我没追,只是在后面喊了一句:“对了,你和沈渡的聊天记录,我已经发给你们公司所有同事了。不用谢。”

苏念身体一僵,差点摔倒。

当天晚上,沈渡打了三十多个电话。

我一个没接。

他发来消息:“阮棠,你太过分了。苏念被你逼得差点自杀,你还有没有良心?”

我回了两个字:“活该。”

然后又发了一条:“沈渡,你不如问问苏念,她为什么不真死?”

沈渡没再回。

我知道他不会是放弃了,而是在想更恶毒的办法对付我。

但没关系,这一世,我比他更恶毒。

一个月后,考研初试成绩出来,我考了专业第一。

导师打电话来时,我正在陈让的公司加班。

“阮棠,你这次考得不错,复试应该没问题。”导师语气欣慰,“不过你之前放弃保研的事,学校那边还有点流程问题,需要你亲自来一趟。”

我说好,挂了电话继续改方案。

陈让端着咖啡走过来,看了一眼我的屏幕:“还在优化?”

“沈渡那边已经开始慌了。”我头都没抬,“他找不到技术替代方案,投资人又在催,听说最近天天发脾气。”

“你倒是消息灵通。”

“毕竟在他身边待了三年。
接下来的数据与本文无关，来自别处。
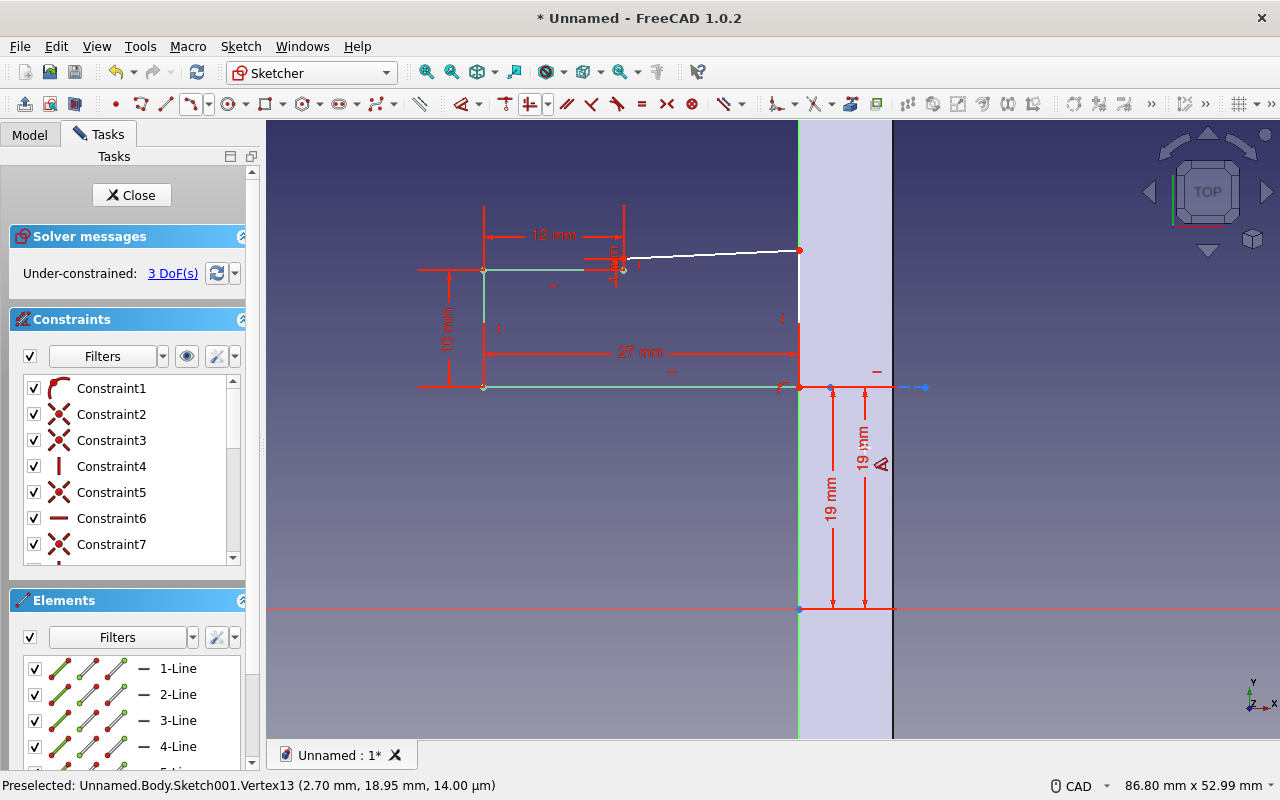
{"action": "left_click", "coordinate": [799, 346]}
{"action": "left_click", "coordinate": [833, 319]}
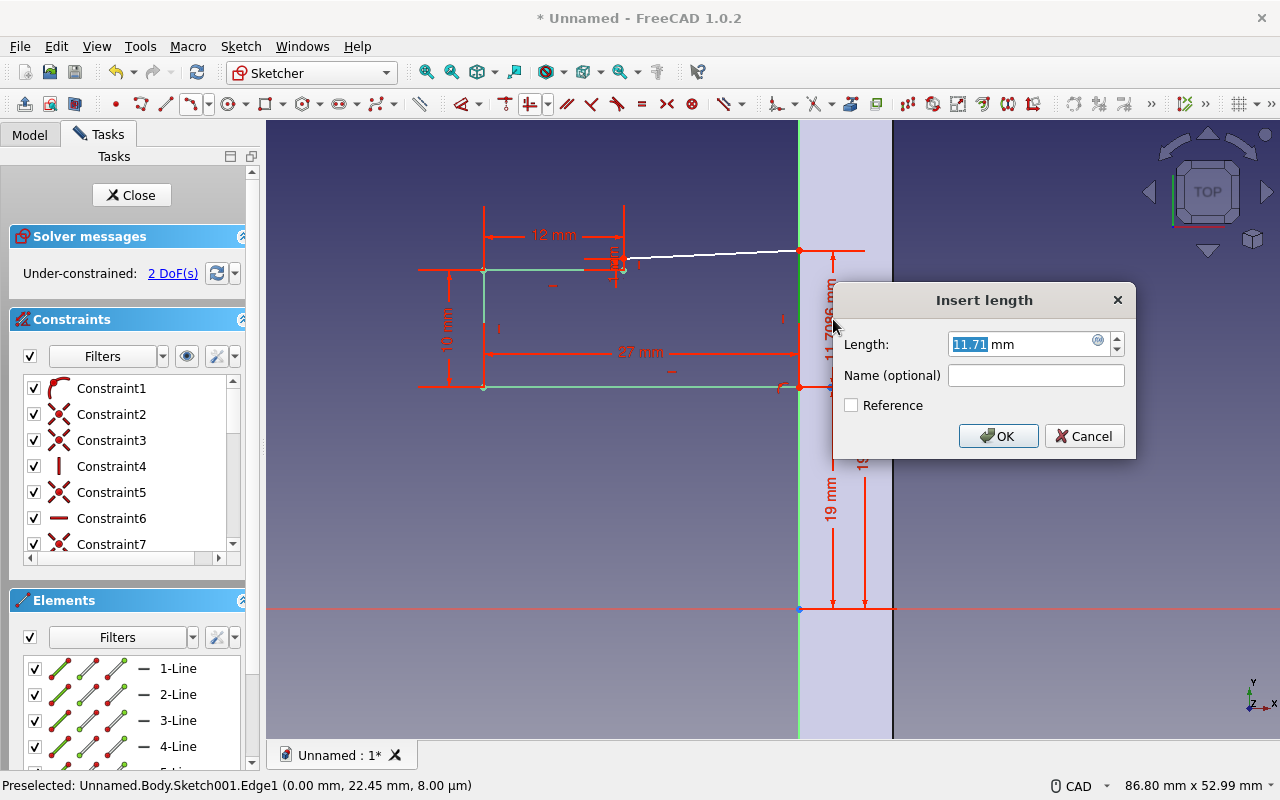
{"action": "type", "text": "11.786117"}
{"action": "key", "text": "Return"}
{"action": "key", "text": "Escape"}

”我停下敲键盘的手,终于抬头看陈让,“陈总,您说一个人要蠢到什么程度,才会把真心对他好的人往死里逼?”

陈让沉默了几秒:“不是蠢,是贪。”

“贪心的人总觉得身边的一切都是应得的,不会珍惜,也不会感恩。等你走了,他才知道疼。”

我笑了笑:“那就让他疼。”

复试通过那天,我收到消息:沈渡的B轮融资失败了。

投资方在最后一刻撤资,转头投了陈让的公司。

沈渡气疯了,冲到我们公司楼下堵我。

“阮棠!”他眼睛通红,像一头发狂的野兽,“是你对不对?你把我的方案给了陈让!”

我站在台阶上,居高临下地看着他。

上一世我也这样仰视过他,那时候他在台上敲钟,我在狱中。

“沈渡,”我轻声说,“那些方案本来就是我的。我只是拿回属于自己的东西。”

“你疯了!”他冲上来想抓我,被保安拦住,“你知不知道你毁了我的一切?!”

“你毁我的时候,可没这么想过。”

我走下台阶,和他面对面,只隔了半米。

“三年前,你拿我的方案去融资,说事成之后给我30%的股份。结果呢?你注册公司的时候,法人写的你妈的名字,股东名单里根本没有我。”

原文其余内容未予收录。